It’s been said that actually generating electricity from fusion is “always 30 years away” (since 30 years is what researchers have been claiming for decades). I just read a Scientific American article about the enormous challenges fusion has to overcome in order to be feasible, let alone practical, and I think I can now start saying: it’s never going to happen.
Fusion is a classic nerd-project. It has that nerdy glamorousness about it — harnessing the fundamental reactions that power the stars. If only everything were uniformly dense, spherical, and 100 million degrees, it would work perfectly.
The good news is that nearly all renewable energy is really fusion-powered, because it all starts with the power of the sun. Solar photovoltaics and solar-thermal generators obviously use the sun’s energy directly. The sun also keeps the atmosphere circulating, providing wind for wind turbines and rain for hydro dams. It grows the plants used to make biofuels, and it even grew the plants long ago that eventually became fossil fuels deep underground.

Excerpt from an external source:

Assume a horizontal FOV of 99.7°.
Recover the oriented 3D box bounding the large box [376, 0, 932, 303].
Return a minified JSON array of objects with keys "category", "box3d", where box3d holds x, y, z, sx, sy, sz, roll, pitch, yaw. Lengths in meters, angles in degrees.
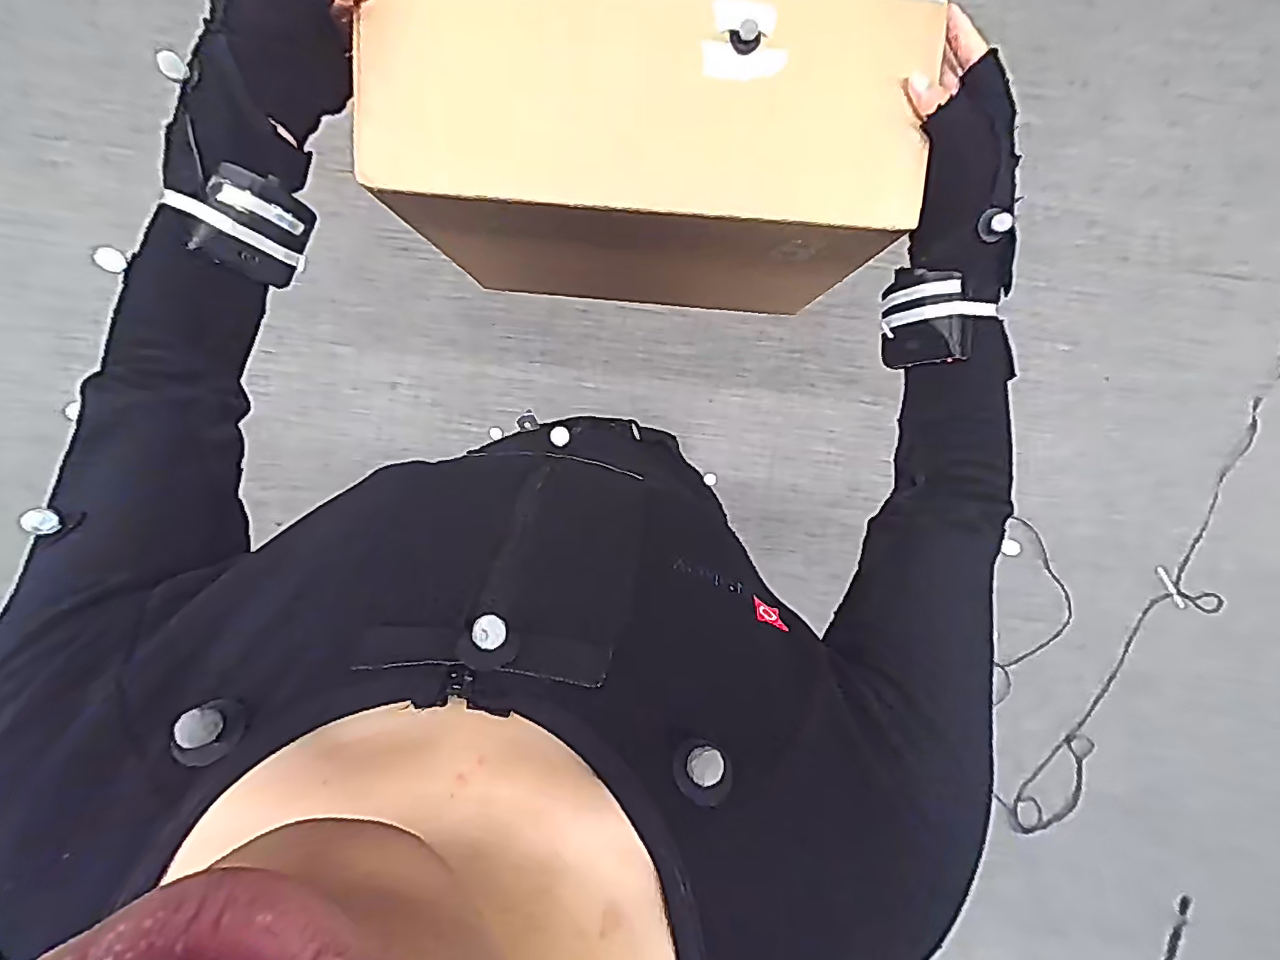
[{"category":"large box","box3d":[0.010,-0.374,0.532,0.408,0.320,0.320,4,97,-1]}]

Let’s leave the actual fusion to the stars.
Too bad that scientific American article overstated all of the problems and understates the progress that has been made in the field. Fusion is still the pinnicle in power production, yet it is still one of the most complicated science problems out there. Plasma physics makes brain surgery look like high school algebra.
Thanks so much for your comment! I agree that the progress that has been made towards fusion power is truly remarkable, and plasma physics should continue to be an important area of basic scientific research. However, the Scientific American article made me realize how the everyday economics of power generation will affect fusion plants in just the same way that it affects all other methods of electricity production — the capital costs, the maintenance costs, and the cost of supplying inputs to the reactor. In this sense, fusion is not the “pinnacle” of energy production any more than any other method is. Indeed, the incredibly complicated nature of the problem, while exciting for scientists and engineers, is bad news when it comes to keeping costs down in order to compete in a real electricity market.